◆ WHAT YOU HAVE TO DO:
Reproduce, please, only the lines from the first line below to the line containing "extrude(amount=-CUT_EXTRUDE1_DEPTH, mode=Mode.SUBTRACT)", inclusive.

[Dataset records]

::::::::::

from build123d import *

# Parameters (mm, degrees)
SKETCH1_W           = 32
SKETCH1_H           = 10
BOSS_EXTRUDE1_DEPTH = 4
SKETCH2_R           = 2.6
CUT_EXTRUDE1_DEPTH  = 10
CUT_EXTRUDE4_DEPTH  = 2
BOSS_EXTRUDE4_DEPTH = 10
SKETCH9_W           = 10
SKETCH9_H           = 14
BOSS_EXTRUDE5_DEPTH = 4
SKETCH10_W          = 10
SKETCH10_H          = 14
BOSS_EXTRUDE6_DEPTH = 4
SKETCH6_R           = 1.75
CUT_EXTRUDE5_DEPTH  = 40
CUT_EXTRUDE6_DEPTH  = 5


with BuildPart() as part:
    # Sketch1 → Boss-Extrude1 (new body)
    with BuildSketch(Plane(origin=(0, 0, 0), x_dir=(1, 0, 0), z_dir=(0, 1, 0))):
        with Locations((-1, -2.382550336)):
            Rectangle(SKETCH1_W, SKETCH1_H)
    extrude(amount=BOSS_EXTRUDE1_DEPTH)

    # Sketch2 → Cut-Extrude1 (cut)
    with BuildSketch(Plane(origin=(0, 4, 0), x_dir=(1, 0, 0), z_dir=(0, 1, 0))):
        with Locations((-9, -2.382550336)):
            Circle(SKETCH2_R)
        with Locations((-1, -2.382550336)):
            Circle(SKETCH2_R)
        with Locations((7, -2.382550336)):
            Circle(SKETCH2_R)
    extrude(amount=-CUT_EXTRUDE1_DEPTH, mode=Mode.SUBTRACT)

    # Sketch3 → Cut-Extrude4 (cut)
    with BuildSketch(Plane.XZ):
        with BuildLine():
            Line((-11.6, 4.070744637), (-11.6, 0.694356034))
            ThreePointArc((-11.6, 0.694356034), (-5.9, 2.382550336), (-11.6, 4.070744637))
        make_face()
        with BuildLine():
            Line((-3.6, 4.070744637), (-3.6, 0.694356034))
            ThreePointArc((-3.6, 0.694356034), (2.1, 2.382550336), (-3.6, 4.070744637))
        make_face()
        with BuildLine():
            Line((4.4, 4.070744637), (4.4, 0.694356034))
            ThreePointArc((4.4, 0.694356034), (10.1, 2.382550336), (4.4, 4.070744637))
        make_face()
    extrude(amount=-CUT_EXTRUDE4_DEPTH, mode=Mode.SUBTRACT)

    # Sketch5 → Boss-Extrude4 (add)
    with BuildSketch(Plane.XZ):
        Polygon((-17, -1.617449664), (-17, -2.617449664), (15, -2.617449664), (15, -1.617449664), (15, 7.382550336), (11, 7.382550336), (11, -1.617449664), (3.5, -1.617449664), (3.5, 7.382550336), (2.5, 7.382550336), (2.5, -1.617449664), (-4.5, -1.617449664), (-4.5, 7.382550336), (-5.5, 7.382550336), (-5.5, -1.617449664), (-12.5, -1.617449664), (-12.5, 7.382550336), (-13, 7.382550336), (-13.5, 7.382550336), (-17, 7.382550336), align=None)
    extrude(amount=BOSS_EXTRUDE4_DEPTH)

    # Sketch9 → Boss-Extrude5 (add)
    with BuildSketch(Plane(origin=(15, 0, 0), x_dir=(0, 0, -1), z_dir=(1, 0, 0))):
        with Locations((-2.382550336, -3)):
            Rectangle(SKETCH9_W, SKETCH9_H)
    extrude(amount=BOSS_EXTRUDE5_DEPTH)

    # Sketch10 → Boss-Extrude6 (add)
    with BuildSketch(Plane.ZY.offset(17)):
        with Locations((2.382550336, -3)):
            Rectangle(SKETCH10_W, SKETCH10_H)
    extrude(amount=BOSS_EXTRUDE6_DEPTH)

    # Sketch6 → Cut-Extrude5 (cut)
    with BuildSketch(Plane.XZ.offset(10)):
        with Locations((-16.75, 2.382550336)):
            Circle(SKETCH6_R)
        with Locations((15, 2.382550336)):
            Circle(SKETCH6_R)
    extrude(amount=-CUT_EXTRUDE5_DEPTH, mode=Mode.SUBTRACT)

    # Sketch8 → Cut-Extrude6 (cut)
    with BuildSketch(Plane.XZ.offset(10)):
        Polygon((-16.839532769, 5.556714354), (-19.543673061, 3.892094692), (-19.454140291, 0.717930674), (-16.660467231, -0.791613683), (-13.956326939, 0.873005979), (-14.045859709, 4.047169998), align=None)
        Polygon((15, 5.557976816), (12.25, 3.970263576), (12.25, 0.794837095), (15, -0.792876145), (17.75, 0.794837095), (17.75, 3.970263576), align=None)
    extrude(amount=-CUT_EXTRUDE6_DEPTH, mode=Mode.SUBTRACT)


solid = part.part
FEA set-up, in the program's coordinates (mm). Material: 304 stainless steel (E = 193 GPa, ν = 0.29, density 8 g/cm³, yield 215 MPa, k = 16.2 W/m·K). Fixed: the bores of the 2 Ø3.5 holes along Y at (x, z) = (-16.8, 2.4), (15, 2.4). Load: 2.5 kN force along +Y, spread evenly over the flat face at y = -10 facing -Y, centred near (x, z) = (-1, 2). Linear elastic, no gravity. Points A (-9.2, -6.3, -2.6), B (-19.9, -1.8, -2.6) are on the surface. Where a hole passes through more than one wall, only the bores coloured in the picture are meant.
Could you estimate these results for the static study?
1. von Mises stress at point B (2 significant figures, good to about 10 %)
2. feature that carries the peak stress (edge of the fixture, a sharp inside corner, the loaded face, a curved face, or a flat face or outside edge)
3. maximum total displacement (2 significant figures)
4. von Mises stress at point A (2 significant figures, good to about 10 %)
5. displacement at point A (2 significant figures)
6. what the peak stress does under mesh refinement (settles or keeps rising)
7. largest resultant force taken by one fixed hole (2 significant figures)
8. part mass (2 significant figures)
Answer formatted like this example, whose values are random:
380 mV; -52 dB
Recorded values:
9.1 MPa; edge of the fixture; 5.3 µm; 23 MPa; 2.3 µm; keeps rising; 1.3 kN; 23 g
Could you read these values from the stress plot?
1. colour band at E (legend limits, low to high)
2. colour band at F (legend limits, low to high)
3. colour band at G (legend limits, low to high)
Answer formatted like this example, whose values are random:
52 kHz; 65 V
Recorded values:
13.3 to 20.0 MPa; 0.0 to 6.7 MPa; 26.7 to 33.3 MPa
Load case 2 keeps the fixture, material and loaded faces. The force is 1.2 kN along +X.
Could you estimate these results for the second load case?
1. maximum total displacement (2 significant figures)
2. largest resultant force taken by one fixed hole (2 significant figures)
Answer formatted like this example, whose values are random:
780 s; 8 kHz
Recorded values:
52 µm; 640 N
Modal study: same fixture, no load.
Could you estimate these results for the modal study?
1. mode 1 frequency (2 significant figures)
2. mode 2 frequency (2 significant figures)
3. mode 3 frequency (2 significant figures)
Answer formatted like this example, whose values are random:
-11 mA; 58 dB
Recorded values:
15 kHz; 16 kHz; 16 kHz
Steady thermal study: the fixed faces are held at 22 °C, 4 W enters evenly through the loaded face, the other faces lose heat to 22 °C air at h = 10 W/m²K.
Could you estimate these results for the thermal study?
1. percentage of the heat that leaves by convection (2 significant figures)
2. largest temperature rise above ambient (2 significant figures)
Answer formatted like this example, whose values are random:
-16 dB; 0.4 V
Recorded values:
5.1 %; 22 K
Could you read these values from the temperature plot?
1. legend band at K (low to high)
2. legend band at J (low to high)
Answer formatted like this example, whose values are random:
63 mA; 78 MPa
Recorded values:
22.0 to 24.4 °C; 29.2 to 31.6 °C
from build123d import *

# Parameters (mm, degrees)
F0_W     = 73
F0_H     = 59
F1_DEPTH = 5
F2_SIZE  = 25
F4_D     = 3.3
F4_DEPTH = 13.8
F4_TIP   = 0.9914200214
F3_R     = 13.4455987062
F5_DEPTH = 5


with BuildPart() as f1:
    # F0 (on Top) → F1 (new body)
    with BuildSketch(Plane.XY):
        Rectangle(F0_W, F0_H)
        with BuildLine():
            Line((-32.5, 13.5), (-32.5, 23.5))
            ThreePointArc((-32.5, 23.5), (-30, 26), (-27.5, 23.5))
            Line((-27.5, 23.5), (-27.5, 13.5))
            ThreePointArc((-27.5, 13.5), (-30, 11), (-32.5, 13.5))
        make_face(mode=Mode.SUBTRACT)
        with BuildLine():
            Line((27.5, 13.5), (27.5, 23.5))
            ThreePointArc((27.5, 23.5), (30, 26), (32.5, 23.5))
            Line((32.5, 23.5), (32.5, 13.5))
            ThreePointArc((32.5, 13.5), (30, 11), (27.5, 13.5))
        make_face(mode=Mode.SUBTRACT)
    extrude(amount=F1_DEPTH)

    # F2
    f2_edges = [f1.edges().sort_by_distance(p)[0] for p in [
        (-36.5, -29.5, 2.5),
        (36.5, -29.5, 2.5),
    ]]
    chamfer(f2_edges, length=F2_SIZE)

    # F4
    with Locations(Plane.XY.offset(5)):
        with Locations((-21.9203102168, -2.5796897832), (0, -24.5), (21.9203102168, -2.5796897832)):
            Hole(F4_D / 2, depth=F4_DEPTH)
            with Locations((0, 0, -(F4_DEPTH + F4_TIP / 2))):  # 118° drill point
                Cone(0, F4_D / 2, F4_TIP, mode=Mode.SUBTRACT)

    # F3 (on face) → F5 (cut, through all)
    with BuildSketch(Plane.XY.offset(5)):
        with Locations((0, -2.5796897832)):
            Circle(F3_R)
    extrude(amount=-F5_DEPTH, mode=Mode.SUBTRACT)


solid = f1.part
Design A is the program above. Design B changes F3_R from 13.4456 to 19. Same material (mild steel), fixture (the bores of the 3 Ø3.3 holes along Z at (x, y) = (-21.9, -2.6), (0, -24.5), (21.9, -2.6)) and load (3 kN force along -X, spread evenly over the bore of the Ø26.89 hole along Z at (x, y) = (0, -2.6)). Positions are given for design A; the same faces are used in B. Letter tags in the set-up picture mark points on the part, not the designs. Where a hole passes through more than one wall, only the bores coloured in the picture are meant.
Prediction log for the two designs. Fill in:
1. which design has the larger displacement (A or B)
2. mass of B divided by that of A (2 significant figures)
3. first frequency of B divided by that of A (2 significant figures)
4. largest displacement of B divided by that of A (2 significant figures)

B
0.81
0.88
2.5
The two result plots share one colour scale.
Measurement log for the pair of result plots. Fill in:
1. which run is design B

::::::::::

◆ RESULT OF THIS EXERCISE:
from build123d import *

# Parameters (mm, degrees)
SKETCH1_W           = 32
SKETCH1_H           = 10
BOSS_EXTRUDE1_DEPTH = 4
SKETCH2_R           = 2.6
CUT_EXTRUDE1_DEPTH  = 10
CUT_EXTRUDE4_DEPTH  = 2
BOSS_EXTRUDE4_DEPTH = 10
SKETCH9_W           = 10
SKETCH9_H           = 14
BOSS_EXTRUDE5_DEPTH = 4
SKETCH10_W          = 10
SKETCH10_H          = 14
BOSS_EXTRUDE6_DEPTH = 4
SKETCH6_R           = 1.75
CUT_EXTRUDE5_DEPTH  = 40
CUT_EXTRUDE6_DEPTH  = 5


with BuildPart() as part:
    # Sketch1 → Boss-Extrude1 (new body)
    with BuildSketch(Plane(origin=(0, 0, 0), x_dir=(1, 0, 0), z_dir=(0, 1, 0))):
        with Locations((-1, -2.382550336)):
            Rectangle(SKETCH1_W, SKETCH1_H)
    extrude(amount=BOSS_EXTRUDE1_DEPTH)

    # Sketch2 → Cut-Extrude1 (cut)
    with BuildSketch(Plane(origin=(0, 4, 0), x_dir=(1, 0, 0), z_dir=(0, 1, 0))):
        with Locations((-9, -2.382550336)):
            Circle(SKETCH2_R)
        with Locations((-1, -2.382550336)):
            Circle(SKETCH2_R)
        with Locations((7, -2.382550336)):
            Circle(SKETCH2_R)
    extrude(amount=-CUT_EXTRUDE1_DEPTH, mode=Mode.SUBTRACT)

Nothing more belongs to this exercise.